Material to process: Begin

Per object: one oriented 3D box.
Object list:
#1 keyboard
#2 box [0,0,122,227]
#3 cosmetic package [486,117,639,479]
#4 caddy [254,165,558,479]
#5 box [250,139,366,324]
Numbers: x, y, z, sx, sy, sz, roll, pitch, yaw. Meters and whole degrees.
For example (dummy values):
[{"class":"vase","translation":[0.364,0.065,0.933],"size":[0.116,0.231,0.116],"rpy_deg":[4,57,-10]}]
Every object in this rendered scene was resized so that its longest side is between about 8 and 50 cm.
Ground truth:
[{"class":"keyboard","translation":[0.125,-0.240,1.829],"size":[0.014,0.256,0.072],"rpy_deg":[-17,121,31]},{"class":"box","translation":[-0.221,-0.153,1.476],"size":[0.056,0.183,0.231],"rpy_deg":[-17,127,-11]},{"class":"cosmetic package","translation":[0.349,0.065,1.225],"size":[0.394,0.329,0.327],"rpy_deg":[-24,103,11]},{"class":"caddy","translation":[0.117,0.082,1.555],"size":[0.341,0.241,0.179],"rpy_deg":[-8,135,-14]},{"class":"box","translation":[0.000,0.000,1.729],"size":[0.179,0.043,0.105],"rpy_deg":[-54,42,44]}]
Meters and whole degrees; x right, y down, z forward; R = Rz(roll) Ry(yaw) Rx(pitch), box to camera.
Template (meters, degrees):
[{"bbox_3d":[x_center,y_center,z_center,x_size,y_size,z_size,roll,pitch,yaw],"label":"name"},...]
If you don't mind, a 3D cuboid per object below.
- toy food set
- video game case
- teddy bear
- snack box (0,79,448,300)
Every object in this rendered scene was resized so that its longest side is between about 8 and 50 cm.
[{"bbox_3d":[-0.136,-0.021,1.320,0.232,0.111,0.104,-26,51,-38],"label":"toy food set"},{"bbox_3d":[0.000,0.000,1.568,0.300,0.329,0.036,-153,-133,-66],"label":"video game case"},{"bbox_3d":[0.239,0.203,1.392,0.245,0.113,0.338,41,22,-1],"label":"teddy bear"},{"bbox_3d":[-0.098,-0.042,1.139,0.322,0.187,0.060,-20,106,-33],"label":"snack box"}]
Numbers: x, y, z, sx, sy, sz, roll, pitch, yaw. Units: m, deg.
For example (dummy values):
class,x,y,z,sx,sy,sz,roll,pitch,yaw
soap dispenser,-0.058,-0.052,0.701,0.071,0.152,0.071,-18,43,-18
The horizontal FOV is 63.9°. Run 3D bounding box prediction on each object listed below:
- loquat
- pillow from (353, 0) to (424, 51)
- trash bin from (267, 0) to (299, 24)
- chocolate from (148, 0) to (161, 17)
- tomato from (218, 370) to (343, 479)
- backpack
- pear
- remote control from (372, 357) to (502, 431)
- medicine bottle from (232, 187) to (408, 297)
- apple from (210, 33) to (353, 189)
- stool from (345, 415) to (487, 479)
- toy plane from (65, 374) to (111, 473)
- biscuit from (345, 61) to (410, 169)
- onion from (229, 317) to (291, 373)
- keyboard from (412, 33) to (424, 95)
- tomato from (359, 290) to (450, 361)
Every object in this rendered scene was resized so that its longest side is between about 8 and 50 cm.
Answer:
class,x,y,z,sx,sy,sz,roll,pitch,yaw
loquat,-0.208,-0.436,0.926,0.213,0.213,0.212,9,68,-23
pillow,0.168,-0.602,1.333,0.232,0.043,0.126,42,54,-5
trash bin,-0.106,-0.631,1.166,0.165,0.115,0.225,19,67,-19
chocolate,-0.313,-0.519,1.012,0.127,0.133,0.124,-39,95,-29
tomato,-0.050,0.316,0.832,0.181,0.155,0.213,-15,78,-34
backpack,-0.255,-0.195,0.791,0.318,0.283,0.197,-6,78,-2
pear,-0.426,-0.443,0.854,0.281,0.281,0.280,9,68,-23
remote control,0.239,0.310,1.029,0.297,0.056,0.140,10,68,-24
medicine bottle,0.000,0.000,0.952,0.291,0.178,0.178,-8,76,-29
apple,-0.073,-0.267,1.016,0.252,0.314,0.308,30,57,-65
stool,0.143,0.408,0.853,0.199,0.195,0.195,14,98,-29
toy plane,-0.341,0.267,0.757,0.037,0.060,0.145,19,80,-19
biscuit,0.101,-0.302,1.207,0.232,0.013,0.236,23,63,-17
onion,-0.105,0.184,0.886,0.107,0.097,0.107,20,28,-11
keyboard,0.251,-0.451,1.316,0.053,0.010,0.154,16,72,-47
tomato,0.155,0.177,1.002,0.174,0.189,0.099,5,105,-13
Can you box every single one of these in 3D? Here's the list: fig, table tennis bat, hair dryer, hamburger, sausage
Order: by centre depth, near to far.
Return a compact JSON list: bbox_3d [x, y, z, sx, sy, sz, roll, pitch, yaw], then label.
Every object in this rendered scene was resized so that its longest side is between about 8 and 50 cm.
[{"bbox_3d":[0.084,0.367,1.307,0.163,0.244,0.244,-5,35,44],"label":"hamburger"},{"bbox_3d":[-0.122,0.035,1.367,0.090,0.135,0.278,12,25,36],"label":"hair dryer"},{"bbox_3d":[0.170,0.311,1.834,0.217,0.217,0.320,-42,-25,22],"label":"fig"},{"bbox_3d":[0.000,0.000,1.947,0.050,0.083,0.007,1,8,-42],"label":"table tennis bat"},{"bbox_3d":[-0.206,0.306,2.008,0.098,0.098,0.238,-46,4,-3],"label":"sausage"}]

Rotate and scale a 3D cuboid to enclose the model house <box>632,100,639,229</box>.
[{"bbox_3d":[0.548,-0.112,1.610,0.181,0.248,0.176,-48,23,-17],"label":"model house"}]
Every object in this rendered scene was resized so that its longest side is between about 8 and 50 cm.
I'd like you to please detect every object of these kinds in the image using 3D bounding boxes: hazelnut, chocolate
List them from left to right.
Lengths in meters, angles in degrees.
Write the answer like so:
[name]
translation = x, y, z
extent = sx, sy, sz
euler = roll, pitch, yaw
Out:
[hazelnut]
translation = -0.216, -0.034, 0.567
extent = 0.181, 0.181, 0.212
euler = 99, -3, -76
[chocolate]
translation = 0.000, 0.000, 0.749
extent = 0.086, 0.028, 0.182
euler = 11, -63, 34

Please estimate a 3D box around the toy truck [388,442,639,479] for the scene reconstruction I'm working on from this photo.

Material to process: End

● **Your goal**: Write out exactly the lines from the one with "Lengths in meters, angles in degrees." through the end of the records above, both ends included, and leave out all other lines.

● **Answer to the exercise**:
Lengths in meters, angles in degrees.
Write the answer like so:
[name]
translation = x, y, z
extent = sx, sy, sz
euler = roll, pitch, yaw
Out:
[hazelnut]
translation = -0.216, -0.034, 0.567
extent = 0.181, 0.181, 0.212
euler = 99, -3, -76
[chocolate]
translation = 0.000, 0.000, 0.749
extent = 0.086, 0.028, 0.182
euler = 11, -63, 34

Please estimate a 3D box around the toy truck [388,442,639,479] for the scene reconstruction I'm working on from this photo.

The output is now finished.